Dear Divorce Minister,
Thank you for all you do on behalf of faithful spouses.
My question is, “Is long term pornography use adultery and valid grounds for divorce?”
My husband has an at least 20 year addiction to pornography which he did not disclose prior to marriage. He has had counselling on multiple occasions and I thought we had a period of long term sobriety but that turned out to be untrue.
He has not had a physical affair (confirmed by polygraph) but has lied to me many times and brought it into my home and around my children.
He has been given clear boundaries, violated them and received the consequences. I am working on new boundaries now.
So far the consequences have included losing his job.
Please can you tell me if this is adultery and grounds for divorce from a Biblical perspective.
Thank you,
Exhausted and Confused
Dear Exhausted and Confused (EAC),
This is a tough one. It falls into a grey area in Scripture as you probably already know.
Some would make an argument such use of porn falls within Jesus’ exception in Matthew 19:9 for “porneia” as such is the root word for pornography. It is certainly a form of sexual sin. Plus, the long-term use of pornography clearly is a matter of infidelity of the heart.
That said, I think it is best to seek Holy Spirit over this matter:
Do you have peace about moving forward with divorce? If not, then I would listen to that. If so, then I would listen to that as well.
When the Bible is unclear as I believe it is here, I want to be clear about that. I do not want to give you advice that would lead to you violating your own conscience on the matter.
In sum, a case can be made that long-term porn use qualifies as biblical grounds for divorce as it is certainly qualifies as sexual sin (“porneia”). However, it is up to you to decide whether or not that case is convincing enough to move forward with divorce.
Hope that helps some. I trust Holy Spirit will lead you in the path of life whichever that path might be.
In Christ,
DM
EAC,
I’m so sorry that your husband is not an honorable man, nor does it appear that he wants to give up his vices, even when it impacts you and the children so horribly. It sounds like he only wants to smooth things over with lies and convince you to remain in the marriage despite his hidden porn activities.

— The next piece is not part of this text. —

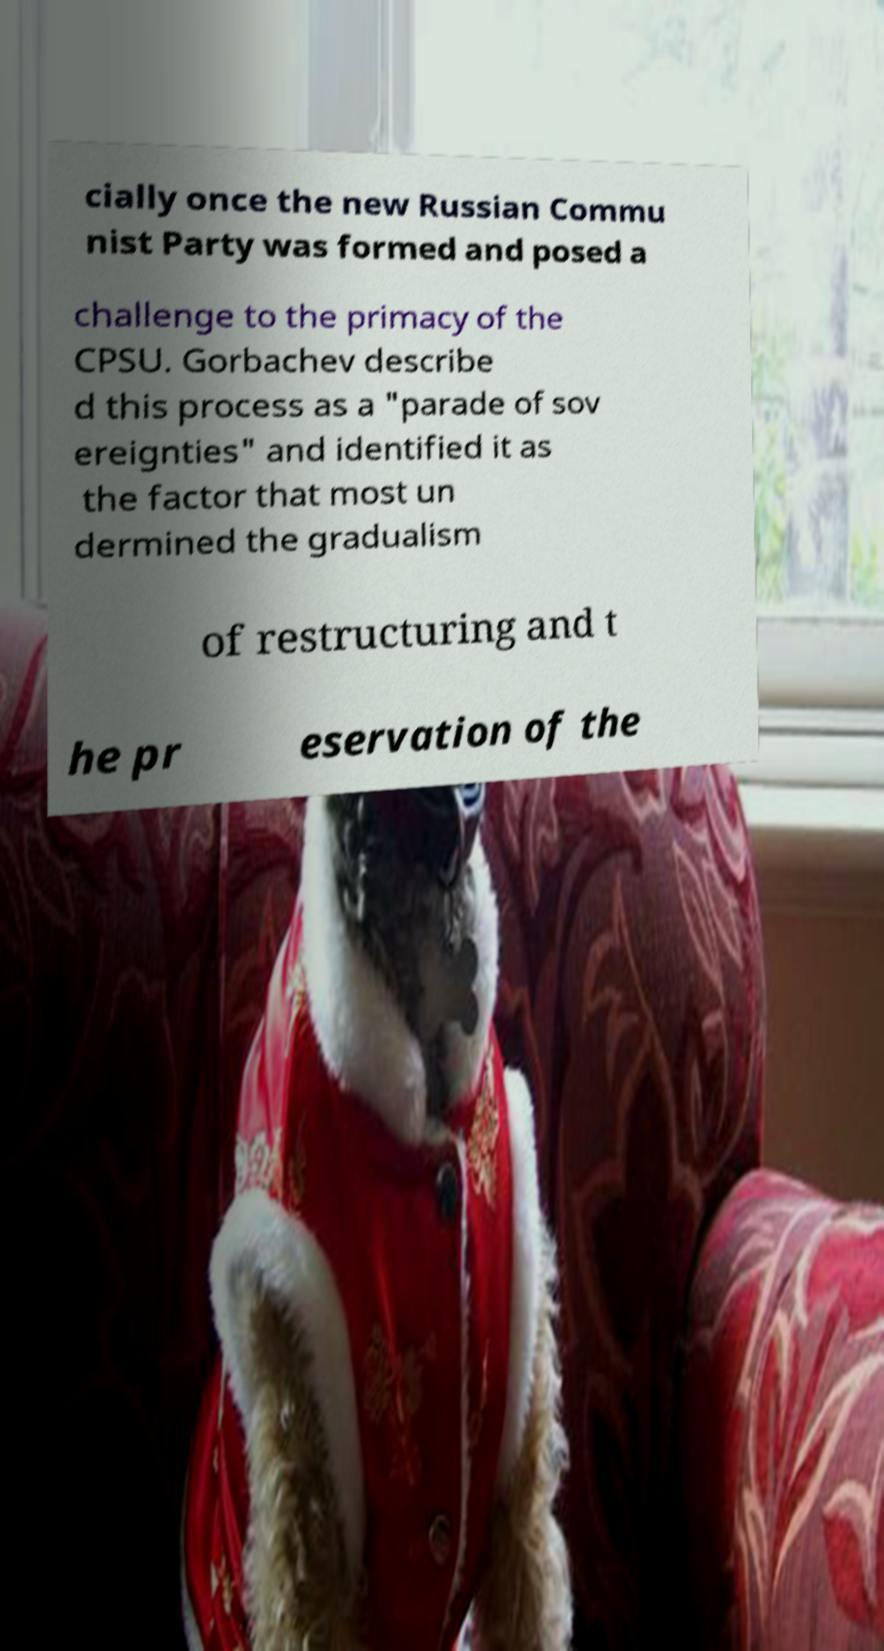I need the written content from this picture converted into text. Can you do that? cially once the new Russian Commu nist Party was formed and posed a challenge to the primacy of the CPSU. Gorbachev describe d this process as a "parade of sov ereignties" and identified it as the factor that most un dermined the gradualism of restructuring and t he pr eservation of the

As you consider what to do going forward, remember you don’t have to make a decision immediately, but can mull things over, pray, research, discreetly reach out to those you trust (as you have done here) and eventually you will find peace in your heart about what to do. God does not want you and your children to live a life constantly exposed to evil, from their own father no less. Ask me how I know.
Besides the long-term and sickening porn habit, his other sins you mention are big issues and worthy of considering divorce… the constant lying and deception is a huge marital problem. If he is capable of habitual lying throughout your marriage about porn use, he is very likely using deception in other areas too. A marriage cannot function when one spouse is an accomplished liar, and only looking out for their own pleasures at the expense of the other spouse and family.
See Divorce Minister’s post about that. http://www.divorceminister.com/lie-to-liar/
Also, he is putting your children at risk. He may expose them to possibly seeing horrid, degrading images, he dishonors and manipulates their mother, and doesn’t mind risking/losing his job that supports his family. He also squanders marital funds on pornography, funds that should be used to benefit his family (food, clothing, housing, education, etc.).
No wonder you are exhausted… this marriage is requiring you to keep dealing with the fallout of his ongoing serious sins, while he does nothing to curb them. I want to give a caution to you if you seek counsel or advice from your church, it is very common that pastors have the attitude that marriages must be “saved” at all costs (Divorce Minister doesn’t advocate this view), even if it requires one spouse to live in agony due to the other’s bad behavior. Pastors often are satisfied with the verbal, fake “repentance” from the harmful spouse, and will insist the harmed spouse stay and make it work. So just be careful who you trust. I’m praying for you and your children. God bless.